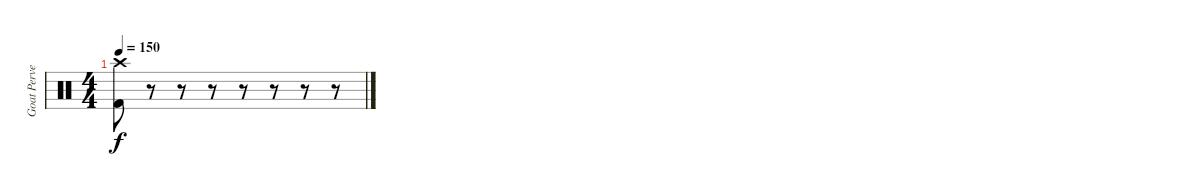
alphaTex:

\track ("Goat Pervertor" "Goat Perve") {instrument percussion}
\staff {score}
\articulation defaults
\ts (4 4)
\tempo 150
\clef neutral
\ks c
("Kick (hit) 2" "Crash high (hit)").8{dy f} r.8 r.8 r.8 r.8 r.8 r.8 r.8
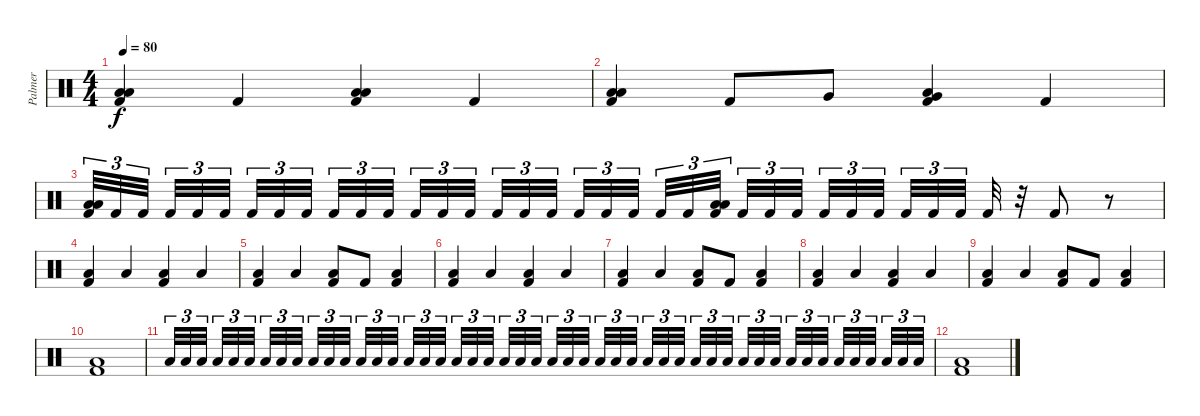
\track ("Palmer" "Palmer") {instrument percussion}
\staff {score}
\articulation defaults
\ts (4 4)
\tempo 80
\clef neutral
\ks c
("Low Floor Tom (hit)" "Low Tom (hit)" "Kick (hit) 2").4{dy f} "Kick (hit) 2".4 ("Low Floor Tom (hit)" "Low Tom (hit)" "Kick (hit) 2").4 "Kick (hit) 2".4 |
("Low Floor Tom (hit)" "Low Tom (hit)" "Kick (hit) 2").4 "Kick (hit) 2".8 "Very Low Tom (hit)".8 ("Very Low Tom (hit)" "Low Floor Tom (hit)" "Kick (hit) 2").4 "Kick (hit) 2".4 |
("Low Floor Tom (hit)" "Low Tom (hit)" "Kick (hit) 2").32{tu (3 2)} "Kick (hit) 2".32{tu (3 2)} "Kick (hit) 2".32{tu (3 2)} "Kick (hit) 2".32{tu (3 2)} "Kick (hit) 2".32{tu (3 2)} "Kick (hit) 2".32{tu (3 2)} "Kick (hit) 2".32{tu (3 2)} "Kick (hit) 2".32{tu (3 2)} "Kick (hit) 2".32{tu (3 2)} "Kick (hit) 2".32{tu (3 2)} "Kick (hit) 2".32{tu (3 2)} "Kick (hit) 2".32{tu (3 2)} "Kick (hit) 2".32{tu (3 2)} "Kick (hit) 2".32{tu (3 2)} "Kick (hit) 2".32{tu (3 2)} "Kick (hit) 2".32{tu (3 2)} "Kick (hit) 2".32{tu (3 2)} "Kick (hit) 2".32{tu (3 2)} "Kick (hit) 2".32{tu (3 2)} "Kick (hit) 2".32{tu (3 2)} "Kick (hit) 2".32{tu (3 2)} "Kick (hit) 2".32{tu (3 2)} "Kick (hit) 2".32{tu (3 2)} ("Low Floor Tom (hit)" "Low Tom (hit)" "Kick (hit) 2").32{tu (3 2)} "Kick (hit) 2".32{tu (3 2)} "Kick (hit) 2".32{tu (3 2)} "Kick (hit) 2".32{tu (3 2)} "Kick (hit) 2".32{tu (3 2)} "Kick (hit) 2".32{tu (3 2)} "Kick (hit) 2".32{tu (3 2)} "Kick (hit) 2".32{tu (3 2)} "Kick (hit) 2".32{tu (3 2)} "Kick (hit) 2".32{tu (3 2)} "Kick (hit) 2".32 r.32 "Kick (hit) 2".8 r.8 |
("Low Tom (hit)" "Kick (hit) 2").4 "Low Floor Tom (hit)".4 ("Low Floor Tom (hit)" "Kick (hit) 2").4 "Low Floor Tom (hit)".4 |
("Low Tom (hit)" "Kick (hit) 2").4 "Low Floor Tom (hit)".4 ("Low Floor Tom (hit)" "Kick (hit) 2").8 "Kick (hit) 2".8 ("Low Floor Tom (hit)" "Kick (hit) 2").4 |
("Low Tom (hit)" "Kick (hit) 2").4 "Low Floor Tom (hit)".4 ("Low Floor Tom (hit)" "Kick (hit) 2").4 "Low Floor Tom (hit)".4 |
("Low Tom (hit)" "Kick (hit) 2").4 "Low Floor Tom (hit)".4 ("Low Floor Tom (hit)" "Kick (hit) 2").8 "Kick (hit) 2".8 ("Low Floor Tom (hit)" "Kick (hit) 2").4 |
("Low Tom (hit)" "Kick (hit) 2").4 "Low Floor Tom (hit)".4 ("Low Floor Tom (hit)" "Kick (hit) 2").4 "Low Floor Tom (hit)".4 |
("Low Tom (hit)" "Kick (hit) 2").4 "Low Floor Tom (hit)".4 ("Low Floor Tom (hit)" "Kick (hit) 2").8 "Kick (hit) 2".8 ("Low Floor Tom (hit)" "Kick (hit) 2").4 |
("Low Tom (hit)" "Kick (hit) 2").1 |
"Low Floor Tom (hit)".32{tu (3 2)} "Low Floor Tom (hit)".32{tu (3 2)} "Low Floor Tom (hit)".32{tu (3 2)} "Low Floor Tom (hit)".32{tu (3 2)} "Low Floor Tom (hit)".32{tu (3 2)} "Low Floor Tom (hit)".32{tu (3 2)} "Low Floor Tom (hit)".32{tu (3 2)} "Low Floor Tom (hit)".32{tu (3 2)} "Low Floor Tom (hit)".32{tu (3 2)} "Low Floor Tom (hit)".32{tu (3 2)} "Low Floor Tom (hit)".32{tu (3 2)} "Low Floor Tom (hit)".32{tu (3 2)} "Low Floor Tom (hit)".32{tu (3 2)} "Low Floor Tom (hit)".32{tu (3 2)} "Low Floor Tom (hit)".32{tu (3 2)} "Low Floor Tom (hit)".32{tu (3 2)} "Low Floor Tom (hit)".32{tu (3 2)} "Low Floor Tom (hit)".32{tu (3 2)} "Low Floor Tom (hit)".32{tu (3 2)} "Low Floor Tom (hit)".32{tu (3 2)} "Low Floor Tom (hit)".32{tu (3 2)} "Low Floor Tom (hit)".32{tu (3 2)} "Low Floor Tom (hit)".32{tu (3 2)} "Low Floor Tom (hit)".32{tu (3 2)} "Low Floor Tom (hit)".32{tu (3 2)} "Low Floor Tom (hit)".32{tu (3 2)} "Low Floor Tom (hit)".32{tu (3 2)} "Low Floor Tom (hit)".32{tu (3 2)} "Low Floor Tom (hit)".32{tu (3 2)} "Low Floor Tom (hit)".32{tu (3 2)} "Low Floor Tom (hit)".32{tu (3 2)} "Low Floor Tom (hit)".32{tu (3 2)} "Low Floor Tom (hit)".32{tu (3 2)} "Low Floor Tom (hit)".32{tu (3 2)} "Low Floor Tom (hit)".32{tu (3 2)} "Low Floor Tom (hit)".32{tu (3 2)} "Low Floor Tom (hit)".32{tu (3 2)} "Low Floor Tom (hit)".32{tu (3 2)} "Low Floor Tom (hit)".32{tu (3 2)} "Low Floor Tom (hit)".32{tu (3 2)} "Low Floor Tom (hit)".32{tu (3 2)} "Low Floor Tom (hit)".32{tu (3 2)} "Low Floor Tom (hit)".32{tu (3 2)} "Low Floor Tom (hit)".32{tu (3 2)} "Low Floor Tom (hit)".32{tu (3 2)} "Low Floor Tom (hit)".32{tu (3 2)} "Low Floor Tom (hit)".32{tu (3 2)} "Low Floor Tom (hit)".32{tu (3 2)} |
("Low Tom (hit)" "Kick (hit) 2").1

——————

- _Work item_:
Each record must be repeated exactly, and no picture may be carried over.

- _Answer section_:
alphaTex:

\track ("Goat Pervertor" "Goat Perve") {instrument percussion}
\staff {score}
\articulation defaults
\ts (4 4)
\tempo 150
\clef neutral
\ks c
("Kick (hit) 2" "Crash high (hit)").8{dy f} r.8 r.8 r.8 r.8 r.8 r.8 r.8
\track ("Palmer" "Palmer") {instrument percussion}
\staff {score}
\articulation defaults
\ts (4 4)
\tempo 80
\clef neutral
\ks c
("Low Floor Tom (hit)" "Low Tom (hit)" "Kick (hit) 2").4{dy f} "Kick (hit) 2".4 ("Low Floor Tom (hit)" "Low Tom (hit)" "Kick (hit) 2").4 "Kick (hit) 2".4 |
("Low Floor Tom (hit)" "Low Tom (hit)" "Kick (hit) 2").4 "Kick (hit) 2".8 "Very Low Tom (hit)".8 ("Very Low Tom (hit)" "Low Floor Tom (hit)" "Kick (hit) 2").4 "Kick (hit) 2".4 |
("Low Floor Tom (hit)" "Low Tom (hit)" "Kick (hit) 2").32{tu (3 2)} "Kick (hit) 2".32{tu (3 2)} "Kick (hit) 2".32{tu (3 2)} "Kick (hit) 2".32{tu (3 2)} "Kick (hit) 2".32{tu (3 2)} "Kick (hit) 2".32{tu (3 2)} "Kick (hit) 2".32{tu (3 2)} "Kick (hit) 2".32{tu (3 2)} "Kick (hit) 2".32{tu (3 2)} "Kick (hit) 2".32{tu (3 2)} "Kick (hit) 2".32{tu (3 2)} "Kick (hit) 2".32{tu (3 2)} "Kick (hit) 2".32{tu (3 2)} "Kick (hit) 2".32{tu (3 2)} "Kick (hit) 2".32{tu (3 2)} "Kick (hit) 2".32{tu (3 2)} "Kick (hit) 2".32{tu (3 2)} "Kick (hit) 2".32{tu (3 2)} "Kick (hit) 2".32{tu (3 2)} "Kick (hit) 2".32{tu (3 2)} "Kick (hit) 2".32{tu (3 2)} "Kick (hit) 2".32{tu (3 2)} "Kick (hit) 2".32{tu (3 2)} ("Low Floor Tom (hit)" "Low Tom (hit)" "Kick (hit) 2").32{tu (3 2)} "Kick (hit) 2".32{tu (3 2)} "Kick (hit) 2".32{tu (3 2)} "Kick (hit) 2".32{tu (3 2)} "Kick (hit) 2".32{tu (3 2)} "Kick (hit) 2".32{tu (3 2)} "Kick (hit) 2".32{tu (3 2)} "Kick (hit) 2".32{tu (3 2)} "Kick (hit) 2".32{tu (3 2)} "Kick (hit) 2".32{tu (3 2)} "Kick (hit) 2".32 r.32 "Kick (hit) 2".8 r.8 |
("Low Tom (hit)" "Kick (hit) 2").4 "Low Floor Tom (hit)".4 ("Low Floor Tom (hit)" "Kick (hit) 2").4 "Low Floor Tom (hit)".4 |
("Low Tom (hit)" "Kick (hit) 2").4 "Low Floor Tom (hit)".4 ("Low Floor Tom (hit)" "Kick (hit) 2").8 "Kick (hit) 2".8 ("Low Floor Tom (hit)" "Kick (hit) 2").4 |
("Low Tom (hit)" "Kick (hit) 2").4 "Low Floor Tom (hit)".4 ("Low Floor Tom (hit)" "Kick (hit) 2").4 "Low Floor Tom (hit)".4 |
("Low Tom (hit)" "Kick (hit) 2").4 "Low Floor Tom (hit)".4 ("Low Floor Tom (hit)" "Kick (hit) 2").8 "Kick (hit) 2".8 ("Low Floor Tom (hit)" "Kick (hit) 2").4 |
("Low Tom (hit)" "Kick (hit) 2").4 "Low Floor Tom (hit)".4 ("Low Floor Tom (hit)" "Kick (hit) 2").4 "Low Floor Tom (hit)".4 |
("Low Tom (hit)" "Kick (hit) 2").4 "Low Floor Tom (hit)".4 ("Low Floor Tom (hit)" "Kick (hit) 2").8 "Kick (hit) 2".8 ("Low Floor Tom (hit)" "Kick (hit) 2").4 |
("Low Tom (hit)" "Kick (hit) 2").1 |
"Low Floor Tom (hit)".32{tu (3 2)} "Low Floor Tom (hit)".32{tu (3 2)} "Low Floor Tom (hit)".32{tu (3 2)} "Low Floor Tom (hit)".32{tu (3 2)} "Low Floor Tom (hit)".32{tu (3 2)} "Low Floor Tom (hit)".32{tu (3 2)} "Low Floor Tom (hit)".32{tu (3 2)} "Low Floor Tom (hit)".32{tu (3 2)} "Low Floor Tom (hit)".32{tu (3 2)} "Low Floor Tom (hit)".32{tu (3 2)} "Low Floor Tom (hit)".32{tu (3 2)} "Low Floor Tom (hit)".32{tu (3 2)} "Low Floor Tom (hit)".32{tu (3 2)} "Low Floor Tom (hit)".32{tu (3 2)} "Low Floor Tom (hit)".32{tu (3 2)} "Low Floor Tom (hit)".32{tu (3 2)} "Low Floor Tom (hit)".32{tu (3 2)} "Low Floor Tom (hit)".32{tu (3 2)} "Low Floor Tom (hit)".32{tu (3 2)} "Low Floor Tom (hit)".32{tu (3 2)} "Low Floor Tom (hit)".32{tu (3 2)} "Low Floor Tom (hit)".32{tu (3 2)} "Low Floor Tom (hit)".32{tu (3 2)} "Low Floor Tom (hit)".32{tu (3 2)} "Low Floor Tom (hit)".32{tu (3 2)} "Low Floor Tom (hit)".32{tu (3 2)} "Low Floor Tom (hit)".32{tu (3 2)} "Low Floor Tom (hit)".32{tu (3 2)} "Low Floor Tom (hit)".32{tu (3 2)} "Low Floor Tom (hit)".32{tu (3 2)} "Low Floor Tom (hit)".32{tu (3 2)} "Low Floor Tom (hit)".32{tu (3 2)} "Low Floor Tom (hit)".32{tu (3 2)} "Low Floor Tom (hit)".32{tu (3 2)} "Low Floor Tom (hit)".32{tu (3 2)} "Low Floor Tom (hit)".32{tu (3 2)} "Low Floor Tom (hit)".32{tu (3 2)} "Low Floor Tom (hit)".32{tu (3 2)} "Low Floor Tom (hit)".32{tu (3 2)} "Low Floor Tom (hit)".32{tu (3 2)} "Low Floor Tom (hit)".32{tu (3 2)} "Low Floor Tom (hit)".32{tu (3 2)} "Low Floor Tom (hit)".32{tu (3 2)} "Low Floor Tom (hit)".32{tu (3 2)} "Low Floor Tom (hit)".32{tu (3 2)} "Low Floor Tom (hit)".32{tu (3 2)} "Low Floor Tom (hit)".32{tu (3 2)} "Low Floor Tom (hit)".32{tu (3 2)} |
("Low Tom (hit)" "Kick (hit) 2").1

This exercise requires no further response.